En appel, A.) expose que « la BANQUE respectivement le liquidateur a commis une inexécution fautive du contrat aussi bien avant la procédure de sursis de paiement, respectivement de mise en liquidation, respectivement postérieurement au jugement de mise en liquidation ». L’acte d’appel fait état par la suite d’irrégularités commises « depuis la procédure de sursis en paiement et de mise en liquidation, en ce que LANDSBANKI interdisait toute opération et toute intervention des appelants sur leurs avoirs qui se trouvaient en dépôt auprès de la banque et qu’en contre — partie, la banque mettait en compte des intérêts exorbitants » pour en conclure que « le décompte des intérêts est contesté, les intérêts réclamés n’étant pas dus, LANDSBANKI n’ayant pas exécuté le contrat de son côté ». Il lui reproche encore d’avoir acquis des titres dont il ne voulait pas avant la procédure de sursis et de liquidation de la BANQUE.

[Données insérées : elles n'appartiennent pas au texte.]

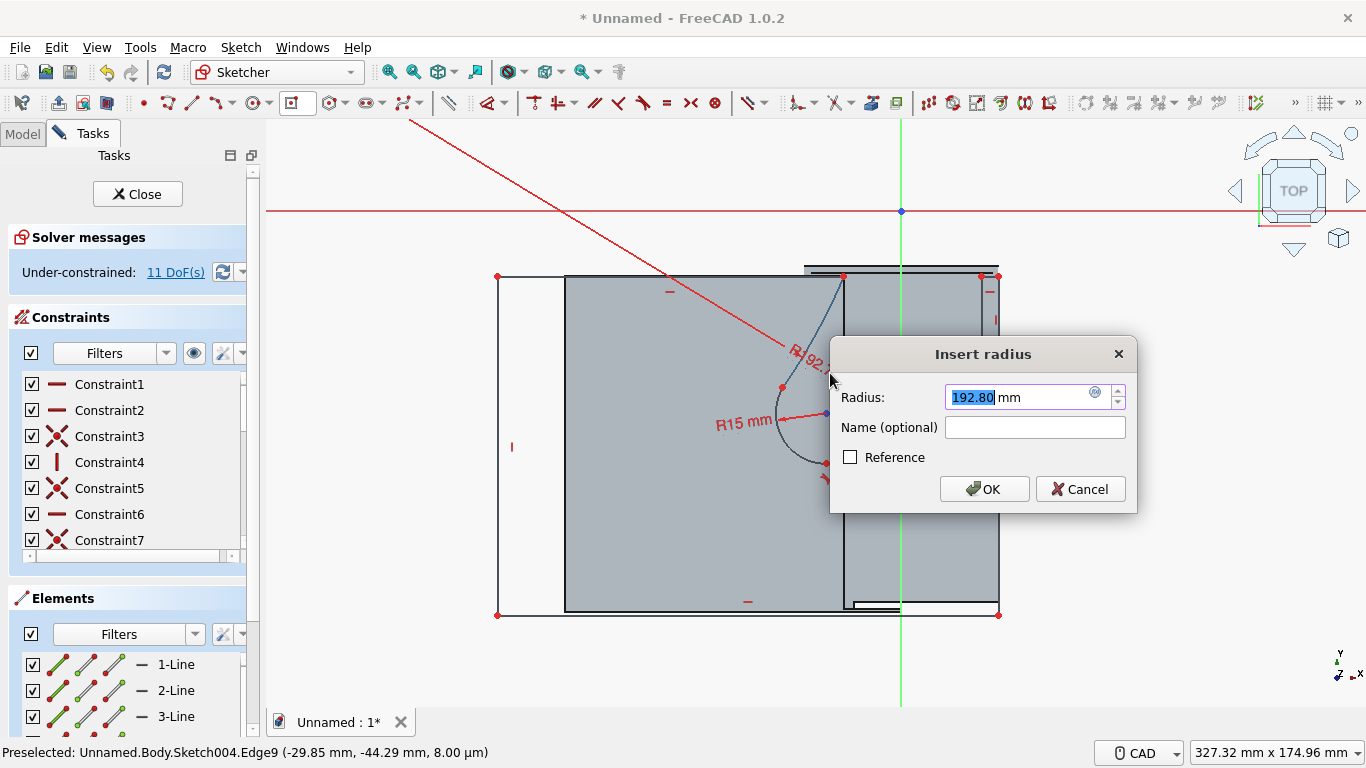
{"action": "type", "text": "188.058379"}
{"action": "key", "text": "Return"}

La demande est partant circonscrite à la période ayant couvert l’entièreté des relations d’affaires entre parties, à savoir celles antérieure et postérieure à la mise en sursis et en liquidation de la BANQUE. Les faits à la base de la demande sont énoncés sommairement, mais de manière suffisante.
En cours de procédure d’appel, A.) recherchera encore la responsabilité de la BANQUE pour violation de la loi modifiée du 5 avril 1993 sur le secteur financier, moyen déjà formulé dans l’assignation introductive d’instance, mais non repris dans l’acte d’appel.

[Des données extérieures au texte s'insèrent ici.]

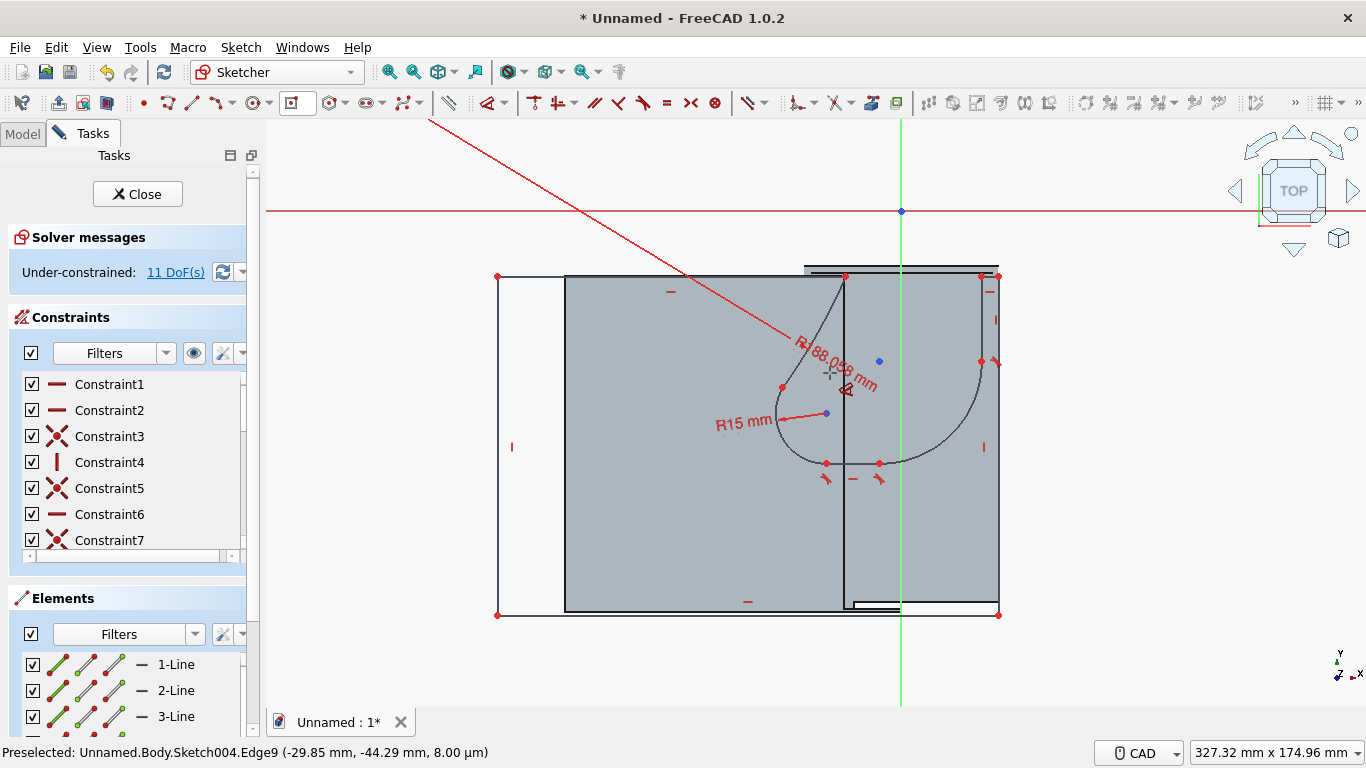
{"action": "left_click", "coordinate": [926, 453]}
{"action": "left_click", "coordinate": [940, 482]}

Le tribunal du premier degré a rejeté la demande en responsabilité dirigée contre la BANQUE, notamment au motif qu’elle avait rempli ses obligations d’information et de mise en garde. Par le fait pour l’appelant de ne pas reprendre dans l’acte d’appel le reproche adressé en première instance à la BANQUE de ne pas avoir rempli à son égard ses devoirs d’information et de conseil et de ne pas critiquer en ce sens le tribunal, il y aurait lieu d’en conclure que A.) n’a pas entrepris ce volet du jugement réduisant d’autant l’effet dévolutif de l’appel. S’agissant cependant d’un moyen d’ordre privé non soulevé par l’intimée, il convient de déclarer recevables les développements consacrés par l’appelant à ce volet de la demande.
La Cour retient dans ces conditions que le volet de l’appel tendant à voir engager la responsabilité de la BANQUE pour des agissements qu’elle aurait commis avant l’ouverture de la procédure de liquidation est déféré à la Cour, tant en ce qui concerne l’acquisition des titres dont les clients prétendent ne pas avoir voulu que la demande en responsabilité de la BANQUE basée sur la violation de l’obligation d’information et de conseil à l’égard de son client. Les moyens de l’appelant relatifs aux faits qui ont eu lieu
durant la procédure de la liquidation judiciaire seront examinés dans le cadre de la demande reconventionnelle de la BANQUE.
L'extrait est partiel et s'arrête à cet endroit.